MRI from the fetus at 25 weeks of gestation. (a) Sagittal T2‐weighted MRI showing the hyperplastic corpus callosum (white star). The cerebellum hemispheres and brainstem appear normal. The cerebellum vermis was small (white arrow). (b, c) MRI showing shallow and incomplete bilateral lateral fissure cistern, lissencephaly and cortical dysplasia, and dilated lateral ventricles. (d) Transversal T2‐weighted MRI showing enlarged ventricles. (e, f) There were no obvious abnormalities in the cerebellar hemisphere.

3.2. Genetic analysis

Through WES analysis, a total of 870 variants were selected in protein‐coding regions and splice sites, after filtering out synonymous variants and variants with minor allele frequencies (MAF) > 3% in local and commercial databases. After clinical phenotype analysis, we did not identify any homozygous or compound heterozygous variants in genes that are known to be linked to neurological abnormalities. However, two heterozygous candidate variants were identified in the CHD7 and MAST1 genes, with subsequent validation by Sanger sequencing. The CHD7 variant (c.6109C>T) was inherited from the unaffected mother, while the c.695T>C(p.Leu232Pro) variant in MAST1 (NM_014975.3) was absent from both parents (Figure 3a). Paternity was confirmed by short tandem repeat genotyping. The MAST1 missense variant was not listed in any of the general population databases, such as dbSNP, gnomAD, and the 1000 Genomes Project. Multiple sequence alignments using Clustal X revealed that the Leu232 residue is highly conserved among mammalian species and some nonmammalian species (Figure 3b). In the EBI database, The Leu232 residue also appeared to be conserved (Figure 3c). Additionally, bioinformatics analysis predicted that c.695T>C(p.Leu232Pro) to be disease‐causing [SIFT: damaging (0.00); PROVEAN: deleterious (−6.39); Polyphen2: probably damaging (0.998/0.990); Mutation Taster: disease causing (98)]. As the MAST1 gene is intolerant to missense variants (overall missense variants z‐score in gnomAD: 5.77), the substitution was classified as likely pathogenic (PS2 + PM2_supporting + PP2), in accordance with the ACMG/AMP guidelines (Richards et al., 2015).

FIGURE 3.

FIGURE 3

Open in a new tab

Genetic analysis of the fetus and the spectrum of MAST1 mutations. (a) Sanger sequencing analyses of MAST1 gene. The red frame represents variant site (c.695T). The fetus was heterozygous for a missense variation, c.695T>C (p.Leu232Pro) (top), and the transition could not be detected in the couple. (b) Multispecies alignment of MAST1 protein. The red box represents variant site (p.L232P). Multiple sequence alignments revealed that the Leu232 residue is highly conserved. (c) Residue conservation of MAST1 protein from the EBI database. (d) The spectrum of MAST1 mutations. Mutations reported in the literature are shown above the schematic diagram of protein domain structures. Mutations listed in the ClinVar database or LOVD are shown in gray under the schematic diagram. Missense mutations are indicated by dots. The novel variant (c.695T>C) in the fetus is highlighted in red. In‐frame deletions are depicted by triangles. Nonsense mutations are represented by squares.

4. DISCUSSION

In this report, we identified a fetus with a heterozygous missense variation in the MAST1 gene. The fetus presented with wide cavum septum pellucidum, shallow and incomplete bilateral lateral fissure cistern, bilateral dilated lateral ventricles, hyperplastic corpus callosum, lissencephaly, cortical dysplasia, and hypoplastic cerebellum vermis. To the best of our knowledge, this is the first work to describe an MAST1 variant in a fetus with characteristic brain imaging.
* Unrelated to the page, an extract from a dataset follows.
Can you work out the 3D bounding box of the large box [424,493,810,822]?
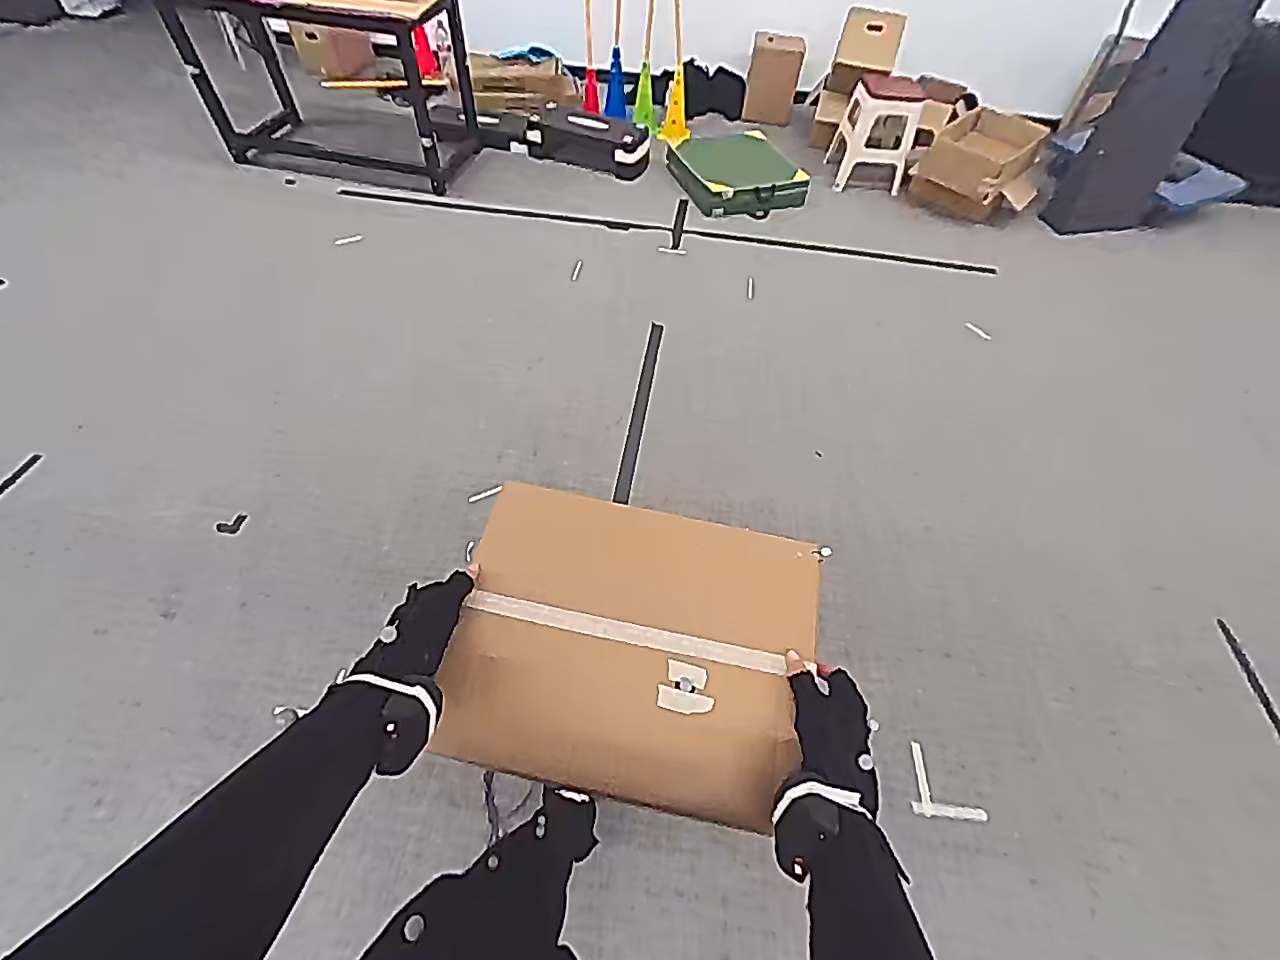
[{"bbox_3d":[-0.014,0.255,0.752,0.408,0.320,0.320,12,60,3],"label":"large box"}]

The human brain undergoes critical biological processes of development during the embryonic period (Silbereis et al., 2016), and the overall architecture of the human brain is formed in the first 6 months of fetal life (Bakken et al., 2016). The proliferation of neurons occurs predominantly in the germinal matrix, and neuronal precursors migrate radially or tangentially from these zones toward their final destination in the cortical plate (Vasung et al., 2019). When the surface area of the cortical plate grows rapidly, the appearance of cortical convolution follows (Vasung et al., 2016). Numerous genes are involved in the complex processes related to fetal brain development (Kang et al., 2011).

Members of the MAST kinase family (MAST1‐4) are comprised of several conserved protein domains, which include a domain of unknown function (DUF), an STK domain, and a postsynaptic density protein‐95/discs large/zona occludens‐1 domain (PDZ). The MASTL protein contains two STK domains (Garland et al., 2008; Hain et al., 2014). This family is widely expressed in several organs and tissues, and expression is particularly enhanced in the brain (Spinelli et al., 2021). It appears to have an essential role in critical neuronal function and normal cell division (Jing et al., 2020). Genetic defects in the MAST family have been reported to cause several different mitotic abnormalities (Oishi et al., 2016). The STK domain is the characteristic feature of this protein family, and pathogenic MAST3 variants in this domain are associated with epilepsy (Spinelli et al., 2021).

The MAST1 gene (NM_014975.3) contains 26 exons and encodes a 1570 amino acid protein, which consists of an N‐terminal domain of DUF1908, followed by an STK domain and a PDZ domain. The MAST1 protein is a microtubule‐associated protein predominantly found in post‐mitotic neurons in the developing nervous system and is present in both dendritic and axonal compartments (Tripathy et al., 2018). It interacts with the tumor suppressor protein PTEN (phosphatase and tensin homolog), through the PDZ domain, to facilitate the phosphorylation of interacting proteins (Valiente et al., 2005). Epigenetic changes in the malignant transformation of Pheochromocytoma (PCC)/paraganglioma (PGL) are associated with the hypomethylated overexpression of the MAST1 gene (Oishi et al., 2016). Tripathy et al. showed that Mast1 binds to microtubules in a MAP‐dependent manner and found that mutations were able to perturb this interaction (Tripathy et al., 2018).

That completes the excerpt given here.